Task to complete:
The answer must be an exact copy of every entry, with no pictures in it.

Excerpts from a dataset
----

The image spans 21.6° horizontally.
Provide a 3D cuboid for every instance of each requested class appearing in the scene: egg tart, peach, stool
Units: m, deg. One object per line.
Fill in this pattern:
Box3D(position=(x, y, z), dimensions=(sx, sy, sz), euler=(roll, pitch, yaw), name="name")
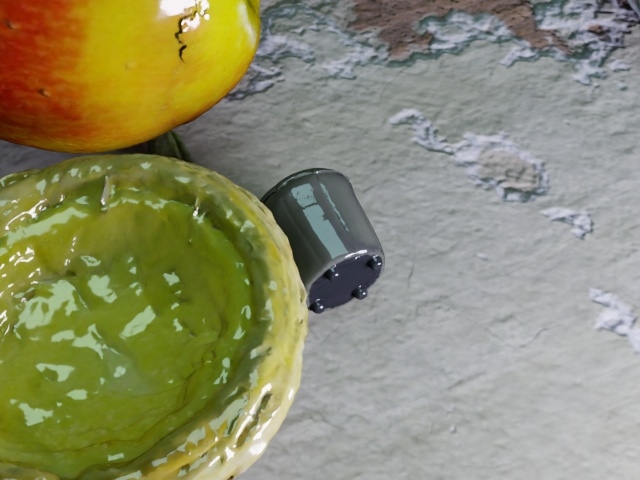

----

Answer space:
The image spans 21.6° horizontally.
Provide a 3D cuboid for every instance of each requested class appearing in the scene: egg tart, peach, stool
Units: m, deg. One object per line.
Fill in this pattern:
Box3D(position=(x, y, z), dimensions=(sx, sy, sz), euler=(roll, pitch, yaw), name="name")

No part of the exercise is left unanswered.